Risikomanagement für glyphosathaltige Pflanzenschutzmittel im Zulassungsverfahren
Risk management for pesticides containing glyphosate in the registration process
Journal für Kulturpflanzen, 64 (6). S. 188–190, 2012, ISSN 1867-0911, DOI: 10.5073/JfK.2012.06.03, Verlag Eugen Ulmer KG, Stuttgart
In den vergangenen Jahren hat die Anwendung von Glyphosat in Deutschland deutlich zugenommen (Abb. 1). Der starke Anstieg in den Jahren 2007 und 2008 ist auf die Rückführung von Stilllegungsflächen in die landwirtschaftliche Produktion aufgrund der auslaufenden EU-Förderung zurückzuführen. Weitere Gründe für den Anstieg sind u.a. die Zunahme der reduzierenden Bodenbearbeitung zum Erosionsschutz und die zunehmende Verunkrautung in manchen Kulturen.
Der Wirkstoff Glyphosat ist mit der Richtlinie 2001/99/EG der EU-Kommission vom 20. November 2001 in den Anhang I der Richtlinie 91/414/EWG aufgenommen worden. Die turnusgemäße Neubewertung des Wirkstoffes in der EU ist in Vorbereitung. Im Zusammenhang mit der Anwendung auf Nichtkulturland enthält die Aufnahmerichtlinie 2001/99/EG die Vorgabe, dass die EU-Mitgliedstaaten insbesondere bei der Anwendung auf Nichtkulturland dem Grundwasserschutz besondere Aufmerksamkeit zu widmen haben.
Die Anwendung von Pflanzenschutzmitteln auf befestigten Freilandflächen unterscheidet sich in einigen wesentlichen Punkten von einer Anwendung auf landwirtschaftlich genutzten Flächen.
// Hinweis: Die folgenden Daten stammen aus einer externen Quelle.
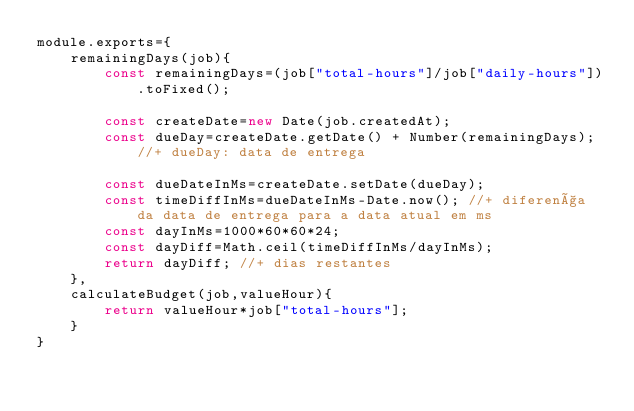<code> <loc_0><loc_0><loc_500><loc_500><_JavaScript_>module.exports={
    remainingDays(job){
        const remainingDays=(job["total-hours"]/job["daily-hours"]).toFixed();
    
        const createDate=new Date(job.createdAt);
        const dueDay=createDate.getDate() + Number(remainingDays); //+ dueDay: data de entrega
    
        const dueDateInMs=createDate.setDate(dueDay);
        const timeDiffInMs=dueDateInMs-Date.now(); //+ diferença da data de entrega para a data atual em ms
        const dayInMs=1000*60*60*24;
        const dayDiff=Math.ceil(timeDiffInMs/dayInMs);
        return dayDiff; //+ dias restantes
    },
    calculateBudget(job,valueHour){
        return valueHour*job["total-hours"];
    }
}</code> 
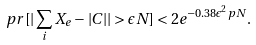Convert formula to latex. <formula><loc_0><loc_0><loc_500><loc_500>\ p r [ | \sum _ { i } X _ { e } - | C | | > \epsilon N ] < 2 e ^ { - 0 . 3 8 \epsilon ^ { 2 } p N } .</formula> 
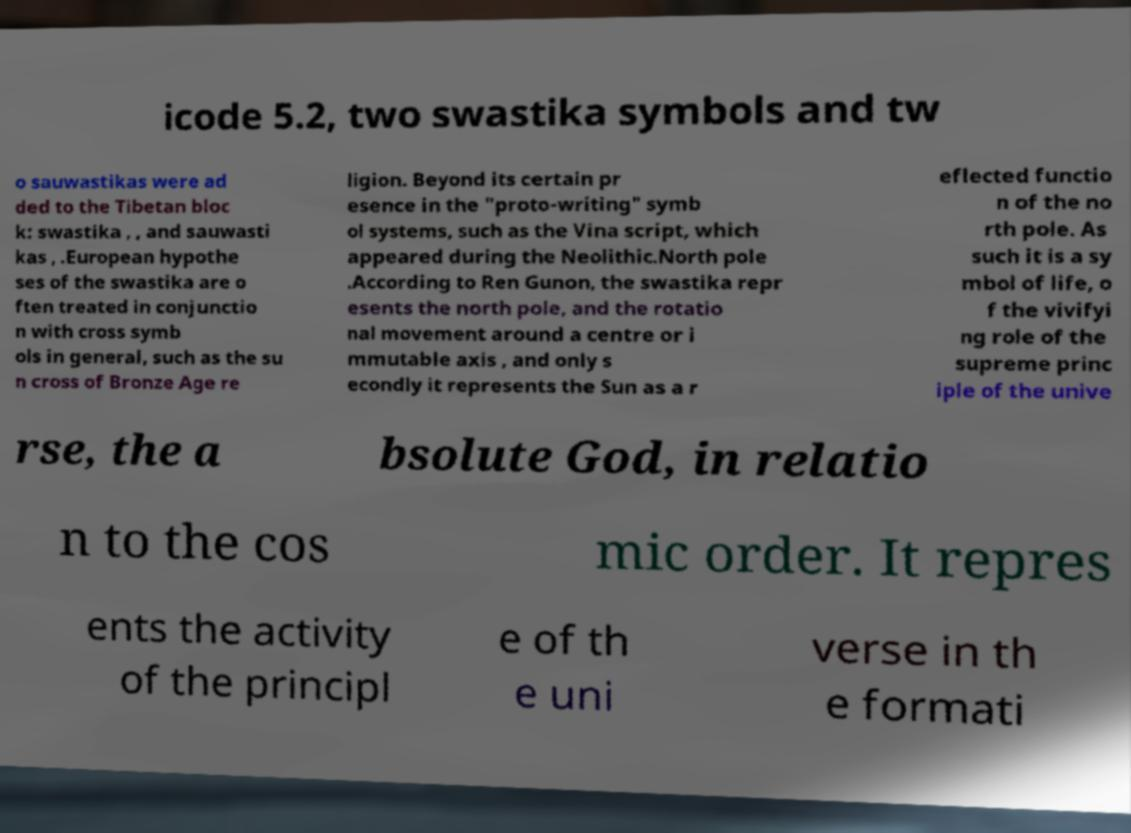There's text embedded in this image that I need extracted. Can you transcribe it verbatim? icode 5.2, two swastika symbols and tw o sauwastikas were ad ded to the Tibetan bloc k: swastika , , and sauwasti kas , .European hypothe ses of the swastika are o ften treated in conjunctio n with cross symb ols in general, such as the su n cross of Bronze Age re ligion. Beyond its certain pr esence in the "proto-writing" symb ol systems, such as the Vina script, which appeared during the Neolithic.North pole .According to Ren Gunon, the swastika repr esents the north pole, and the rotatio nal movement around a centre or i mmutable axis , and only s econdly it represents the Sun as a r eflected functio n of the no rth pole. As such it is a sy mbol of life, o f the vivifyi ng role of the supreme princ iple of the unive rse, the a bsolute God, in relatio n to the cos mic order. It repres ents the activity of the principl e of th e uni verse in th e formati

So ist die Gefahr der Abschwemmung in Oberflächenwasser bzw. die Kanalisation größer als bei Anwendung auf landwirtschaftlich genutzten Böden. Zudem ist davon auszugehen, dass das Abbauverhalten von Wirkstoffen auf befestigten Flächen nicht vergleichbar ist mit dem Abbau auf landwirtschaftlich genutzten Böden. Weiterhin ist zu berücksichtigen, dass für die Anwendung auf befestigten Freilandflächen spezielle Geräte zum Einsatz kommen.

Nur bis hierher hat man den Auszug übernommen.